Google Sites Review
- Good intranet site creator
- Easy to add content from other Google services
- Not a true website builder
- No blogging, eCommerce, or form builder
- No templates
- No dedicated customer support channels
- Connecting to a domain is difficult
Google Sites Overview
From email to scheduling to word processing to spreadsheets, Google’s numerous digital product offerings have gotten many of us accustomed to using Google for a plethora of business and personal uses. What you may not have known is that Google also offers a free basic website builder called Google Sites.
The advantages of Google Sites are twofold:
- It is entirely free.
- It allows you to add files from your Google Drive to your page, giving you an easy way to store and display your documents, forms, charts, etc.
With so many paid website building options out there, one might be naturally attracted to the idea of a free website building solution within the Google product ecosystem. However, Google Sites isn’t a good tool for creating professional-looking business websites. Companies or groups looking to develop intranets or project wikis for internal use — or perhaps a simple temporary page to promote an event — may want to give Google Sites a try. But without blogging or eCommerce capabilities — not to mention any individualized customer support — Google Sites just doesn’t cut the mustard.
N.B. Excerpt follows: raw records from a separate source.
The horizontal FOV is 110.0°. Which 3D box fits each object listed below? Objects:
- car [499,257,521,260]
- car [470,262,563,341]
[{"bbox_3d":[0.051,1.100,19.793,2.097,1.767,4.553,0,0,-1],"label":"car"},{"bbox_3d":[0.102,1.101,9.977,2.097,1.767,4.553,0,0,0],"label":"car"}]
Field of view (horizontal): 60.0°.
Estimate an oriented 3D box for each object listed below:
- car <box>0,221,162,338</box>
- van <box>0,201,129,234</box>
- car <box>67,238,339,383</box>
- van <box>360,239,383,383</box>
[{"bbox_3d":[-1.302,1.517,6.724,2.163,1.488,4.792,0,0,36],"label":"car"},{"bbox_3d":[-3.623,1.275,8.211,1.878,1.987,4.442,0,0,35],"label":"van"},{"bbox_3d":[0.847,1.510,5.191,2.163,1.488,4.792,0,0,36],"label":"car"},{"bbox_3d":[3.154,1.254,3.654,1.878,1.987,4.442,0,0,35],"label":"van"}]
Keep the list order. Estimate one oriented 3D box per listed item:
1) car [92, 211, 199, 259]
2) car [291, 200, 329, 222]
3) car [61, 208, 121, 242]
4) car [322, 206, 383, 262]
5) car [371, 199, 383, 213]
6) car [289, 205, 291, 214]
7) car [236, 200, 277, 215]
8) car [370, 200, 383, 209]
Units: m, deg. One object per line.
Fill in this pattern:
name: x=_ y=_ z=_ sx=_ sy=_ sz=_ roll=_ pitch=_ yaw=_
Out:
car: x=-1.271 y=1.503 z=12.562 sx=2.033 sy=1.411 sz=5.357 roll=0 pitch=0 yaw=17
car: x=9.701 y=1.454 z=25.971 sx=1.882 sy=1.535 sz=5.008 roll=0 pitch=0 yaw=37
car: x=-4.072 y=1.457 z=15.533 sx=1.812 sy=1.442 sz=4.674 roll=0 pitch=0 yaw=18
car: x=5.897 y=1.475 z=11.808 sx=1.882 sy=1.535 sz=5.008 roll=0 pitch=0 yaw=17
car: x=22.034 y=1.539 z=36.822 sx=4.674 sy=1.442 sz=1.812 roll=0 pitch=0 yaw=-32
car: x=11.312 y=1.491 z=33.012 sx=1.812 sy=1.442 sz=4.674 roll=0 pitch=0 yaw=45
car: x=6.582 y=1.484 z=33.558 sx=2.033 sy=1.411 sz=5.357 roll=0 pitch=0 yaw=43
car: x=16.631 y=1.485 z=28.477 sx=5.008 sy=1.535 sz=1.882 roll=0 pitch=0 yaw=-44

With the likes of Wix, Squarespace, and Weebly providing well-featured and attractive website building to the masses, I can’t justify recommending Google Sites as anything but a way to aggregate documents in your Google cloud.
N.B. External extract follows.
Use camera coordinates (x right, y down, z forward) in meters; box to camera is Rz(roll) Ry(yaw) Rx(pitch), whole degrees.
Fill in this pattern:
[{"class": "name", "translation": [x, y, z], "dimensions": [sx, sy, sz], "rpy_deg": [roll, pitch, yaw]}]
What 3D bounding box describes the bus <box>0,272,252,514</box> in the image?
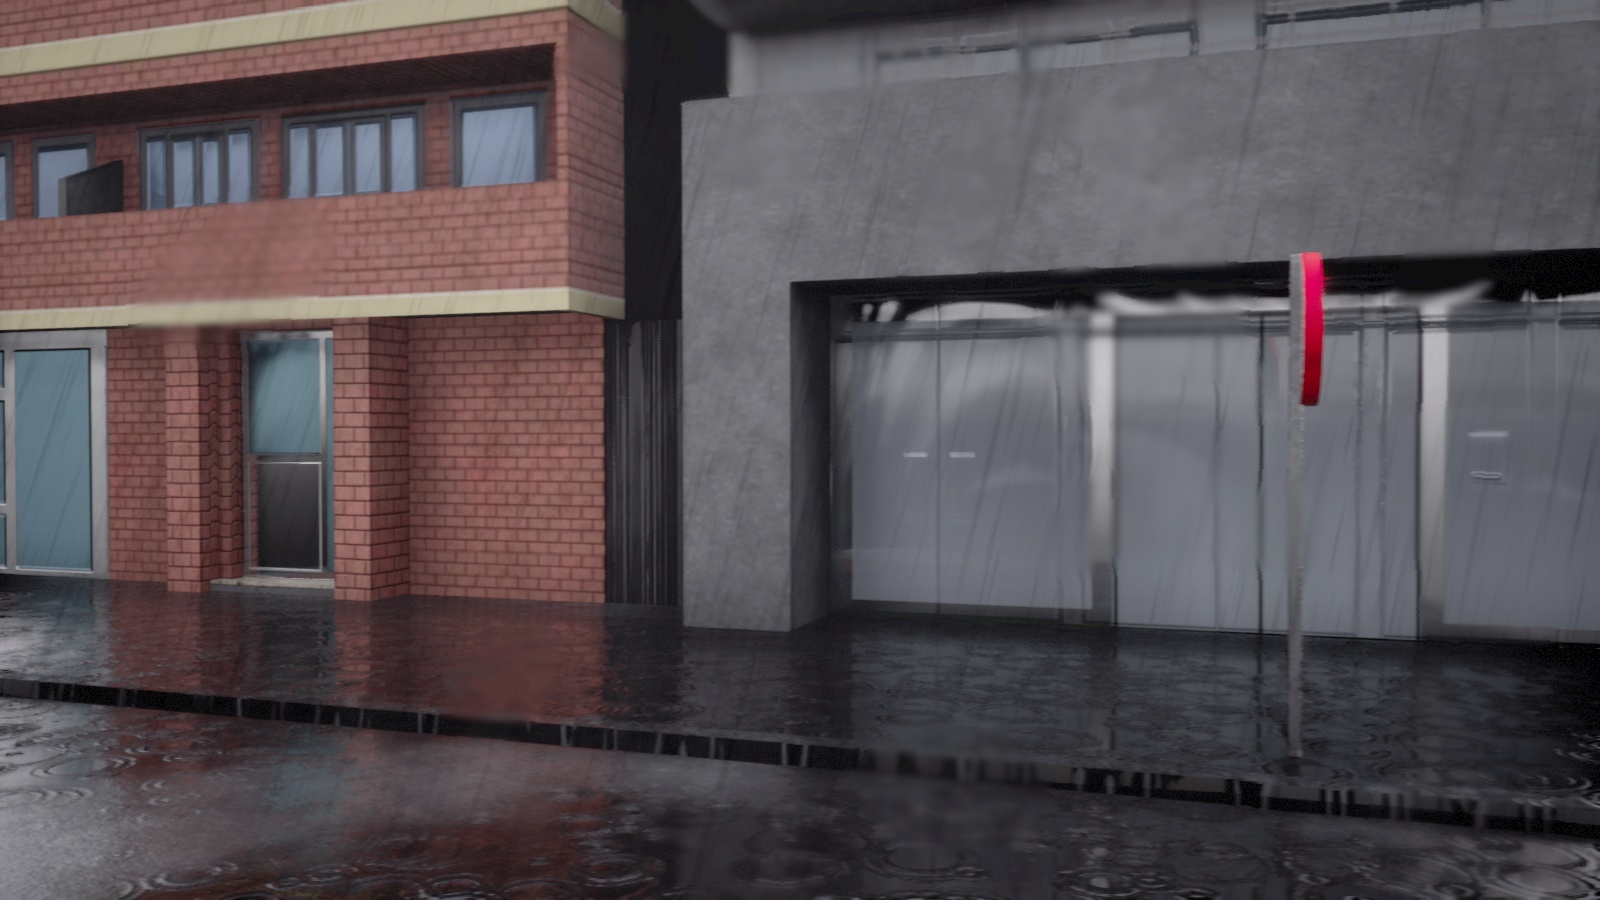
[{"class": "bus", "translation": [-15.625, -1.032, 23.539], "dimensions": [3.944, 4.253, 10.273], "rpy_deg": [1, 1, 18]}]

If you’re looking for a full-fledge website builder, check our top website builder recommendations instead.
Table of Contents
Google Sites Pricing
As I said in the introduction, Google Sites is completely free to use forever. It’s hard to complain about that. If you want to create a simple website for free, Google Sites can certainly accommodate you.
However, I should mention that if you want to create a website for free, Google Sites is not your only option. Many website builders, including Wix and Weebly, offer free website creation in addition to their paid offerings. And while these free plans are limited, so is Google Sites. In fact, Weebly even includes limited eCommerce with its free plan — something you won’t get with Google Sites. Plus, if you start with a free site with any of these other builders, you can always upgrade to a paid plan to avail yourself of the increased functionality. With Google Sites, you won’t have this option.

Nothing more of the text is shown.